=== Section Start ===

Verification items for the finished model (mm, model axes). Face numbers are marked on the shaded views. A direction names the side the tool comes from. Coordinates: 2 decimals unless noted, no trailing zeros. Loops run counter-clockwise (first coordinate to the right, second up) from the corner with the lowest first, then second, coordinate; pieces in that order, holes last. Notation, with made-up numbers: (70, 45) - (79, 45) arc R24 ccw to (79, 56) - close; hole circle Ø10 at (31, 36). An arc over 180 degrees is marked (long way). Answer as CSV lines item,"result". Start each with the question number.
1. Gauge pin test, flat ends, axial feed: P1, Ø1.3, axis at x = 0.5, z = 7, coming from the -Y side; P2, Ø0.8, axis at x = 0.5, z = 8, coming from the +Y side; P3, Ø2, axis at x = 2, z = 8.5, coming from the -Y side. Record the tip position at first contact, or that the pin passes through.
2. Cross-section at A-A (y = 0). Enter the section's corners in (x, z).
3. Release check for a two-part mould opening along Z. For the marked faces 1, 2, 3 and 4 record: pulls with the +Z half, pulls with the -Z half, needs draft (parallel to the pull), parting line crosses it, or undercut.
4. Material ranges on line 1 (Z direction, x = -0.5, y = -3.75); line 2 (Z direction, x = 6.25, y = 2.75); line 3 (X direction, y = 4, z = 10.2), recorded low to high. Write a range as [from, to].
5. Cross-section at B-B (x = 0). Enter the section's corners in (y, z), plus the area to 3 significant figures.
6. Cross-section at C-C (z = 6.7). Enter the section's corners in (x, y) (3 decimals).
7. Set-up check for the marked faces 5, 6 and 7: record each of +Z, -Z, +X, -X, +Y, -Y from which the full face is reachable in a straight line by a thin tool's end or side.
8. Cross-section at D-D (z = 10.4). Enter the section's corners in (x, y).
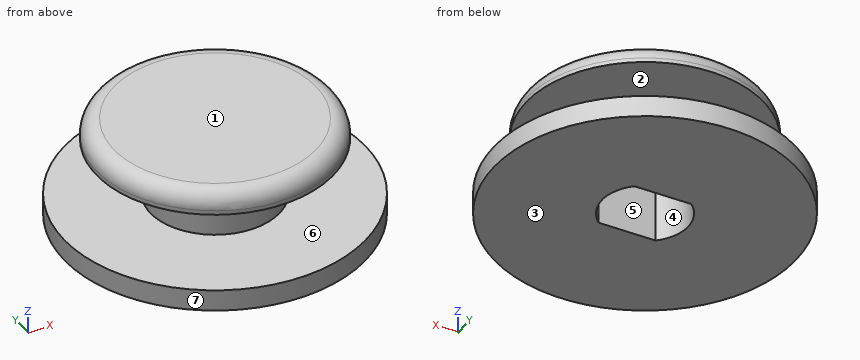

=== Section End ===

Assignment
Pictures in the records above should not be copied. Repeat everything else exactly.

Response
Verification items for the finished model (mm, model axes). Face numbers are marked on the shaded views. A direction names the side the tool comes from. Coordinates: 2 decimals unless noted, no trailing zeros. Loops run counter-clockwise (first coordinate to the right, second up) from the corner with the lowest first, then second, coordinate; pieces in that order, holes last. Notation, with made-up numbers: (70, 45) - (79, 45) arc R24 ccw to (79, 56) - close; hole circle Ø10 at (31, 36). An arc over 180 degrees is marked (long way). Answer as CSV lines item,"result". Start each with the question number.
1. Gauge pin test, flat ends, axial feed: P1, Ø1.3, axis at x = 0.5, z = 7, coming from the -Y side; P2, Ø0.8, axis at x = 0.5, z = 8, coming from the +Y side; P3, Ø2, axis at x = 2, z = 8.5, coming from the -Y side. Record the tip position at first contact, or that the pin passes through.
2. Cross-section at A-A (y = 0). Enter the section's corners in (x, z).
3. Release check for a two-part mould opening along Z. For the marked faces 1, 2, 3 and 4 record: pulls with the +Z half, pulls with the -Z half, needs draft (parallel to the pull), parting line crosses it, or undercut.
4. Material ranges on line 1 (Z direction, x = -0.5, y = -3.75); line 2 (Z direction, x = 6.25, y = 2.75); line 3 (X direction, y = 4, z = 10.2), recorded low to high. Write a range as [from, to].
5. Cross-section at B-B (x = 0). Enter the section's corners in (y, z), plus the area to 3 significant figures.
6. Cross-section at C-C (z = 6.7). Enter the section's corners in (x, y) (3 decimals).
7. Set-up check for the marked faces 5, 6 and 7: record each of +Z, -Z, +X, -X, +Y, -Y from which the full face is reachable in a straight line by a thin tool's end or side.
8. Cross-section at D-D (z = 10.4). Enter the section's corners in (x, y).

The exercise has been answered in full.